Tank officials stated that Tank will adhere to the hybrid route until the physical and technical barriers of pure electric off-road are broken through.

It’s no coincidence. On the 25th, some media reported that BYD’s million-level high-end pure electric brand may be named “Starry Sky”, and its first product will be a pure electric off-road vehicle.

On the new energy track, why did Tank choose the hybrid route instead of a one-step pure electric route? Can Tank 300 and 500 HEV models continue the off-road reputation that the brand has established before?

Tank’s Hybrid Off-Road Logic

“Our basic logic for hybrid is: first, to make it smoother and more fuel-efficient when users enter a city working condition, and to be able to provide power and torque immediately when off-road working conditions require it; second, to ensure the reliability, safety, and performance redundancy of the vehicle (off-road).” Liu Yanzhao said, “I want to achieve 100 points in off-road performance, with 60 points of redundancy. Because in off-road conditions, the peak of 100 points may be reached at any time, even exceeding 100 points.”

On the hybrid route, Tank did not choose to use the Lemon hybrid DHT system that Great Wall has already put into production, but adopted the off-road hybrid 9HAT system, which provides 2.0T and 3.0T hybrid engines and matches the domestically-developed longitudinal 9AT transmission. Tank calls this system “at the forefront of the world.”

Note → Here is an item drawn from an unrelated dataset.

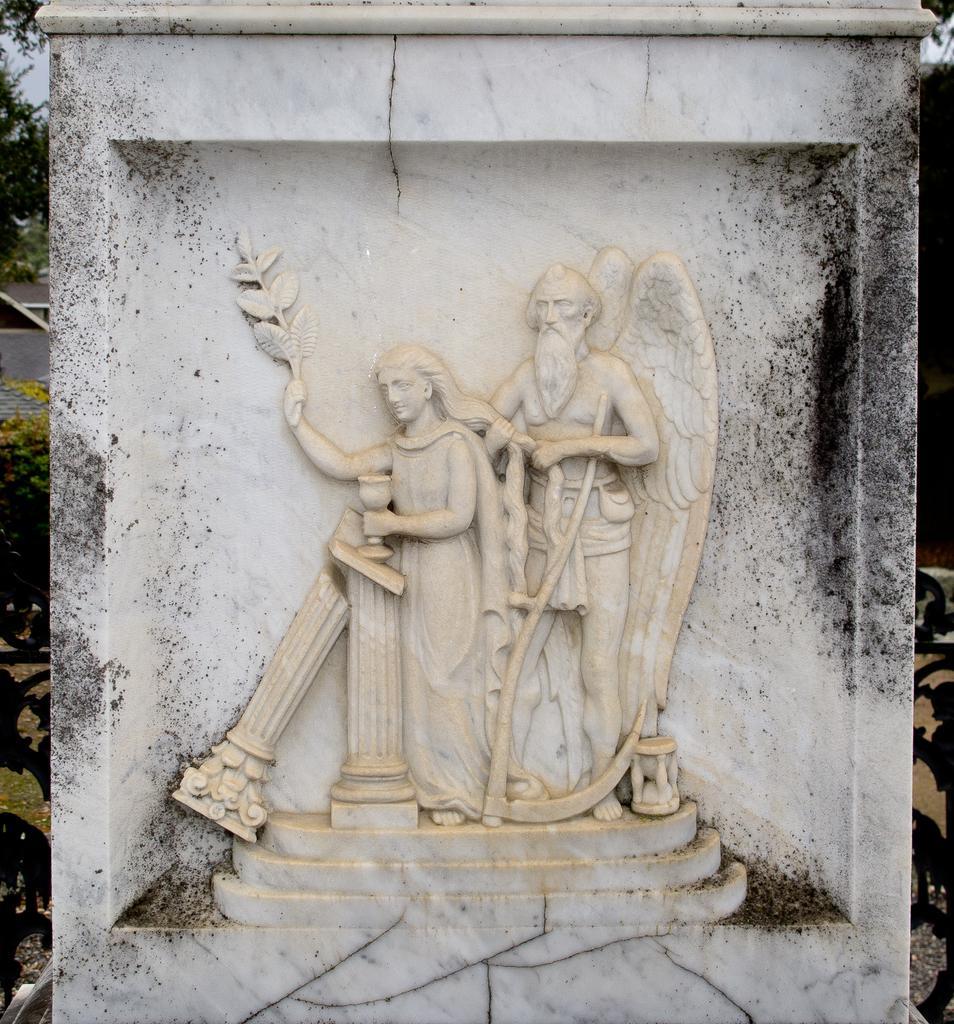How would you summarize this image in a sentence or two? In the picture I can see sculpture of a man, a woman and some other things. In the background I can see the sky and a tree.

From the data, the maximum power/torque of the 3.0T+9HAT hybrid system is 389 kW/750Nm, which exceeds the maximum power/torque of the Mercedes-Benz G500, which is 310 kW/610 Nm. Compared to the “Big G” G63 with a maximum power/torque of 430 kW/850 Nm, the Tank doesn’t concede much.

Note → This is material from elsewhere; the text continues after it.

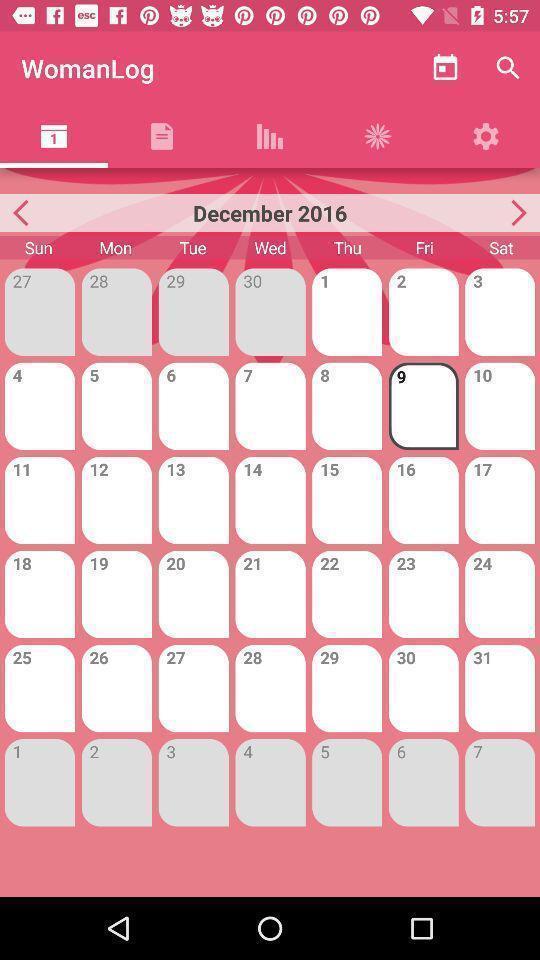Explain what's happening in this screen capture. Screen showing calendar with selected date.

Tank not only has stronger power but also has a special calibration and design for its hybrid system tailored to users’ city and off-road needs.

Firstly, there is the SOC energy management strategy. “The (fuel version of) the 500 has two problems, one is fuel consumption, and the other is gear shifting impact.” Liu Yanzhao said that after applying the hybrid system, Tank’s SOC energy management strategy solved these problems.

Specifically: under high battery level in urban conditions, Tank operates in EV mode, which is economical and energy-saving. Under high-speed uniform conditions, the engine performs in direct drive. When overtaking on high-speed or climbing, the motor provides synchronous assistance. On low-attachment roads such as icy and snowy roads/sandy roads/mud roads, Tank adopts full-time four-wheel drive to maximize the ground adhesion and achieve smooth driving and climbing and avoid skidding.

Multiple application modes, such as adjustable SOC, outdoor camping, and extreme comfort. In the adjustable SOC mode, the SOC threshold is automatically adjusted between 30% to 80% based on usage. In the extreme comfort mode, the SOC threshold is increased to 20%, maximizing the off-road performance of the vehicle in the desert.

Tank guarantees a balance of electricity and energy redundancy, achieving long-term and high-current discharge. The matched 4kW discharge power can fully support multiple electronic devices during camping.

In addition, based on historical data analysis of users’ driving habits (including charging habits, driving routes, etc.), Tank can match the corresponding energy management strategy to meet the user’s daily driving needs.

“Our battery is 150 kW, but I only put it at 120 kW to control the output and ensure redundancy for off-road use,” Liu Yanzhao said.

Another major “off-road hybrid design” is the placement of the battery.

The battery of the Tank HEV model is not embedded in the floor, but located on the floor of the vehicle, even in the trunk.Regarding this design, Liu Yanzhao stated that due to the complex off-road environment, if the battery is embedded in the vehicle’s floor, the risk of direct damage would be much greater than in urban road conditions. Therefore, it is placed on top of the vehicle’s floor to minimize the risk of battery damage.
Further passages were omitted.